Florida Court of Appeals, Second District

May 17, 2017

STATE OF FLORIDA, Appellant/Cross-Appellee,
WANDA LIVINGSTON IMBER, Appellee/Cross-Appellant.


         Appeal from the Circuit Court for Polk County; J. Dale Durrance, Judge.

          Pamela Jo Bondi, Attorney General, Tallahassee, and Johnny T. Salgado, Assistant Attorney General, Tampa, for Appellant/Cross-Appellee.

          Howard L. Dimmig, II, Public Defender, and Robert D. Rosen, Assistant Public Defender, Bartow, for Appellee/Cross-Appellant.

          BADALAMENTI, Judge.

         A jury convicted Wanda Livingston Imber of grand theft and money laundering for stealing and laundering approximately $1.6 million from her elderly, dementia-afflicted stepfather's various investment accounts between 2007 and 2014. Mrs. Imber's lowest permissible guidelines sentence was calculated at 25.8 years' imprisonment. The trial court departed downward and sentenced Mrs. Imber to terms of community control and probation on the basis that the victim was a "willing participant" in the theft of his own money pursuant to section 921.0026(2)(f), Florida Statutes (2007). The State appeals Mrs. Imber's sentence. We reverse the downward departure sentence and remand for imposition of a guidelines sentence. We affirm Mrs. Imber's convictions in all other respects.

         In assessing whether to impose a downward departure sentence, a trial court must first determine if it can depart based on a valid legal ground supported by an adequate factual basis. State v. Torres, 60 So.3d 560, 561-62 (Fla. 2d DCA 2011) (citing Banks v. State, 732 So.2d 1065, 1067 (Fla. 1999)). We will affirm the trial court's conclusion if it applied the correct rule of law and if competent, substantial evidence supports its ruling. Id. at 562. In evaluating the adequacy of the evidence, we assess only the legal sufficiency of the evidence and not its weight. Id. Next, the trial court must weigh the totality of the circumstances to determine if departure is the best option for the defendant. Banks, 732 So.2d at 1068. We review this second step for an abuse of discretion. Id.

         The legislature has directed that a "downward departure from the lowest permissible sentence, as calculated according to the total sentence points pursuant to s. 921.0024, is prohibited unless there are circumstances or factors that reasonably justify the downward departure." § 921.0026(1). The legislature has enumerated a nonexhaustive list of mitigating circumstances or factors which "reasonably justify" downward departure. § 921.0026(2)(a)-(n). One enumerated circumstance for a reasonably justified downward departure is if the "victim was an initiator, willing participant, aggressor, or provoker of the incident." § 921.0026(2)(f).
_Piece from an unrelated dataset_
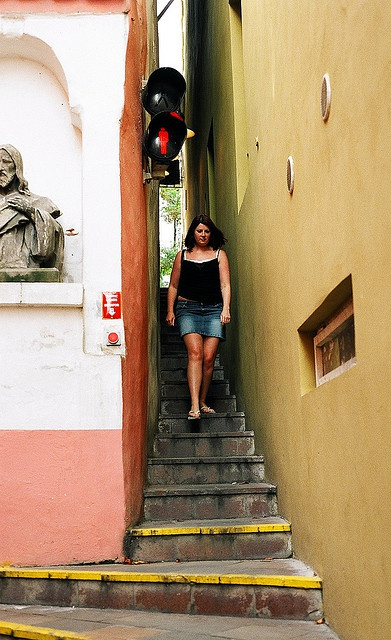Describe the objects in this image and their specific colors. I can see people in salmon, black, maroon, brown, and tan tones and traffic light in salmon, black, red, gray, and white tones in this image.

         At trial, the victim's physician testified that, in 2007, Mrs. Imber and the victim's then-wife expressed concern during a medical visit that the victim might have dementia. The victim's physician tested the victim and determined he had "the kind of dementia that waxes and wanes" and worsens over time. Likewise, two of the victim's sons testified that they noticed symptoms of dementia in the victim. In particular, one of the victim's sons testified that the victim would ask a question, "and thirty minutes later he'll ask the same question again."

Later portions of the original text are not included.